Which final(s) will be your first this fall?

“It’s my first year at the New England finals.” 

What do you like about the equitation?

“I really like how it’s challenging. It makes you think. You have to think on your feet and tell that to your horse before you make it happen. Plus it needs to look effortless!” 

Maranda McCarthy. Photo © Jill Exner Photography

How have you been preparing for the finals?

“Lots of riding, lots of no stirrup, lots of getting my head in the right mindset. After I finish my lessons, I go through and ask Gretchen all my questions. She will walk me through what was correct, what had to be fixed, and what we changed. That really helps.”

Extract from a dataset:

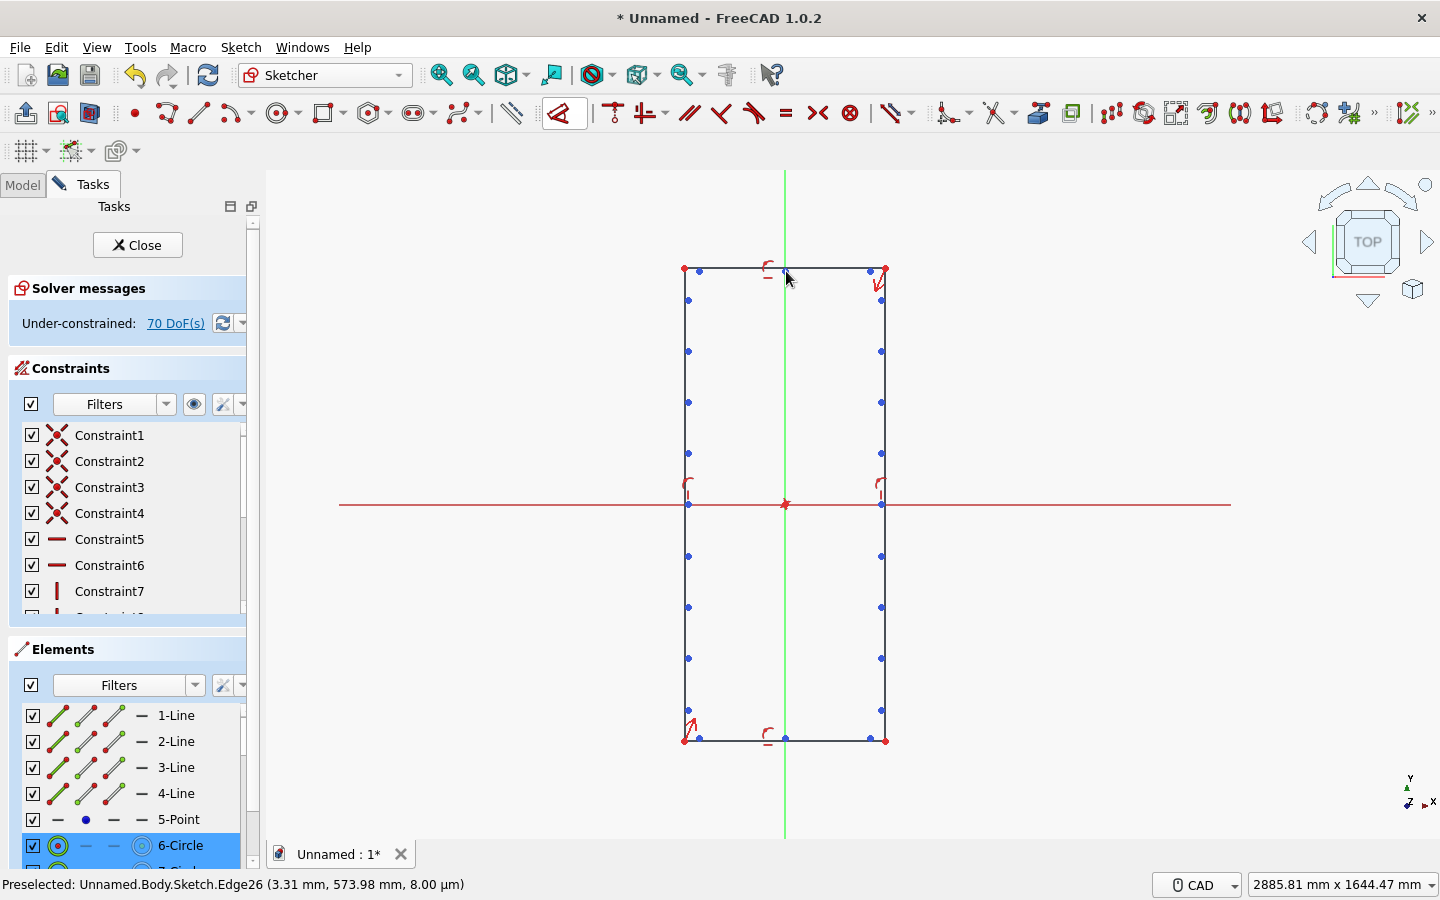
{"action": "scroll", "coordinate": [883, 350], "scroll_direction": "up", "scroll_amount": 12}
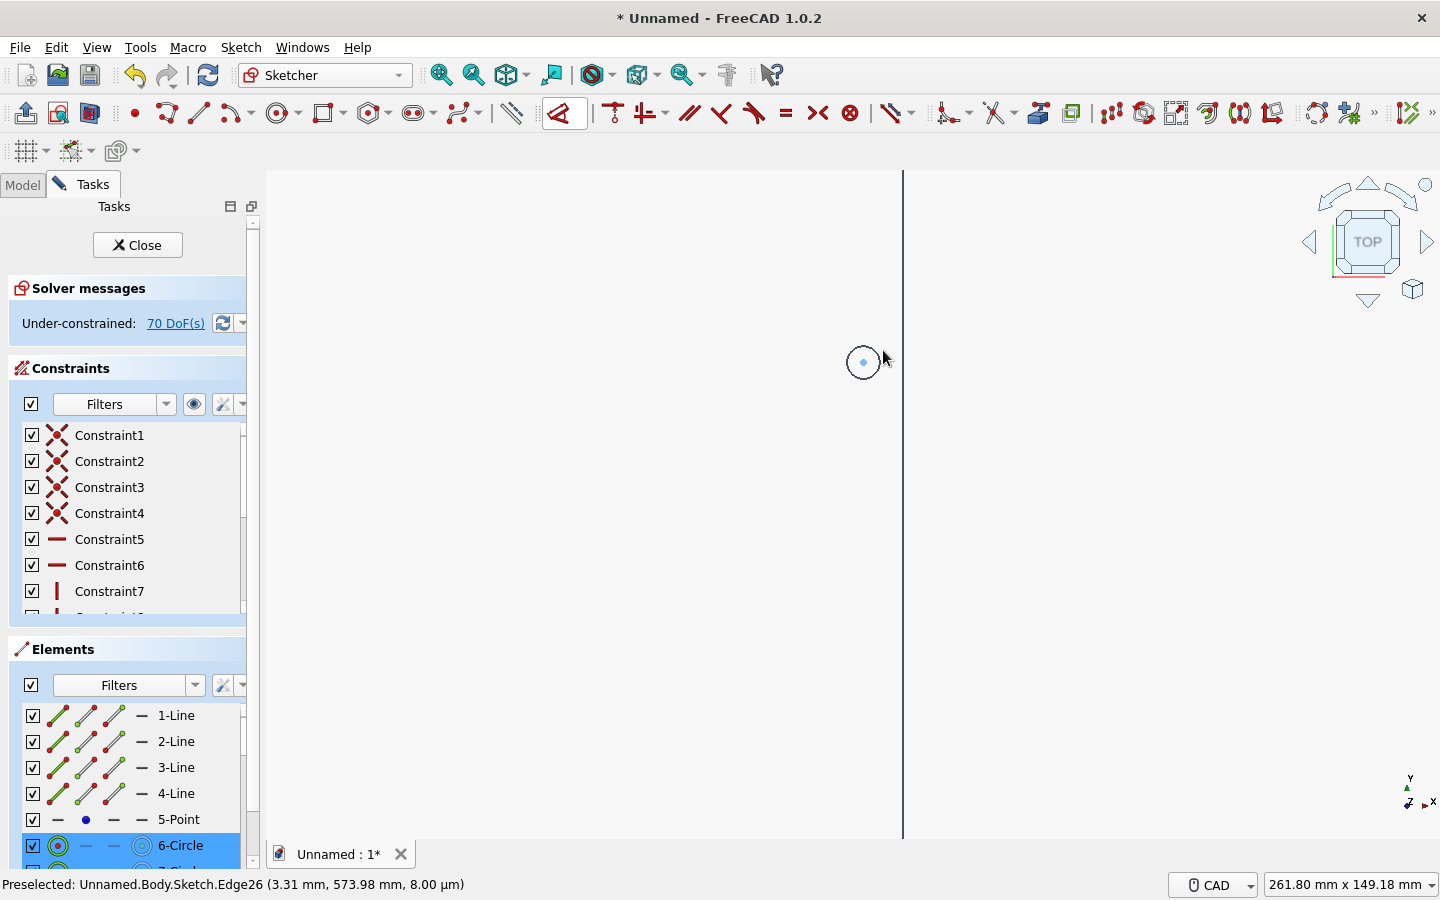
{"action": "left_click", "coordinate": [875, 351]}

What are you most excited about for your first finals?

“I’m really excited because it’s always been something I looked at as nearly impossible. Four years ago I didn’t think I’d ever be able to do it, but it’s become a reality. That’s really cool.”

What are you nervous about?

“I’m a bit of a perfectionist. I don’t like to let people down. So, I’m working on not being nervous and just enjoying the experience.” 

How do you control show nerves?

“I still struggle with this, but I get a lot of help from Gretchen, my friends and my parents. I tell myself it is okay to not have a good day. I always want to go in there and be the best I can because I don’t know when a big show will happen next for me. It takes a lot to make yourself think, ‘Let’s just focus on what’s happening right now.’”

Any specific goals for the finals?

“To make it around. To do what I know how to do, and not get in my own way!” 

Do you hope to do more equitation finals after this year?

“I have one more year after this. We’d like to get to junior hunter finals and Maclay regionals if we can for next year.”

Have you given any thought to how riding will fit into your life beyond your junior years?

“I definitely want to keep riding and do as much as I can. I’d like to show in the Amateur-Owner hunters. Maybe try the jumper ring out. I know I love riding and I always want it to be part of my life. One step at a time!”